Inferring Helmet Compliance on E-Scooters Using Bluetooth and Angle of Arrival (AoA) Technology.

Abstract

The use of e-scooters and the associated head injuries have increased significantly in recent years. To protect the head and face of the riders, helmets are essential equipment, sometimes mandatory according to the regulations, which makes them an important research target. In this article, we propose a practical helmet monitoring system for e-scooters based on low-cost, little-invasive, real-time estimation of proper helmet wearing while driving. The system is based on both the received signal strength indicator (RSSI) information transmitted by a Bluetooth Low Energy (BLE) tag placed on the helmet and the angle of arrival (AoA) deduced by an antenna array fixed on the scooter. Those measurements feed an efficient software implementation of a statistical estimator specifically designed to deduce at each moment the probability of wearing the helmet correctly. The system has been tested in real indoor and outdoor scenarios by different users to assess its flexibility, robustness, and computational efficiency.
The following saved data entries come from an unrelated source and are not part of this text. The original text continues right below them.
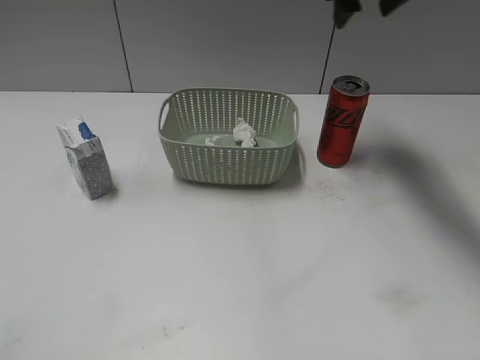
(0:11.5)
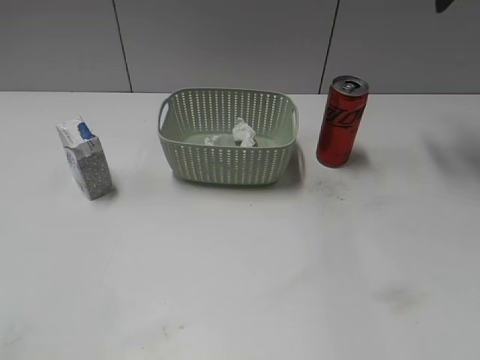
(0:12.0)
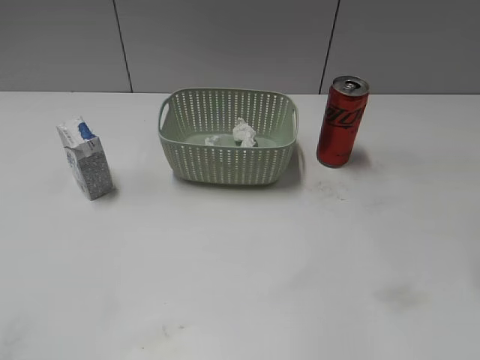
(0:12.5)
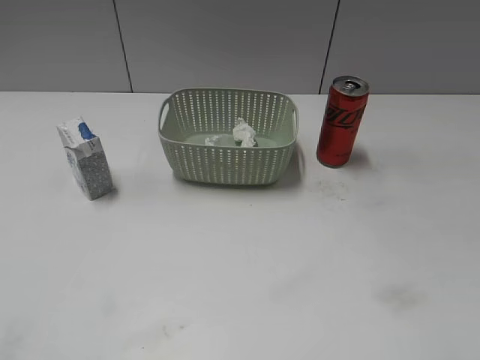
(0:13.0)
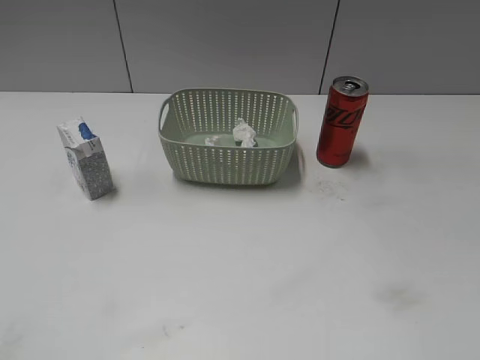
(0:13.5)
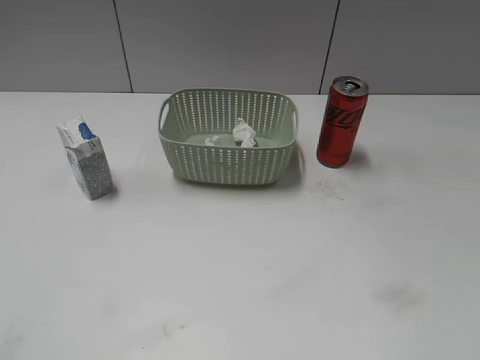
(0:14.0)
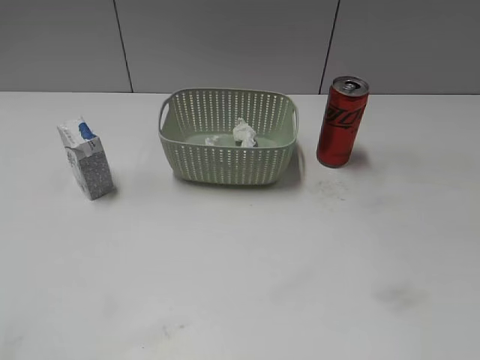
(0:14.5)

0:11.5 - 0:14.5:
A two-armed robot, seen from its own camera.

We have also performed a comparison with (RSSI) metrical location fingerprinting and ablation analyses. Our approach has shown better performance and coped well with common driving situations (that we also catalog in this work), demonstrating that using statistically filtered signals from AoA plus BLE devices integrated into the same system is an adaptive, reliable, and efficient approach to monitoring safety in e-scooters and possibly other similar vehicles.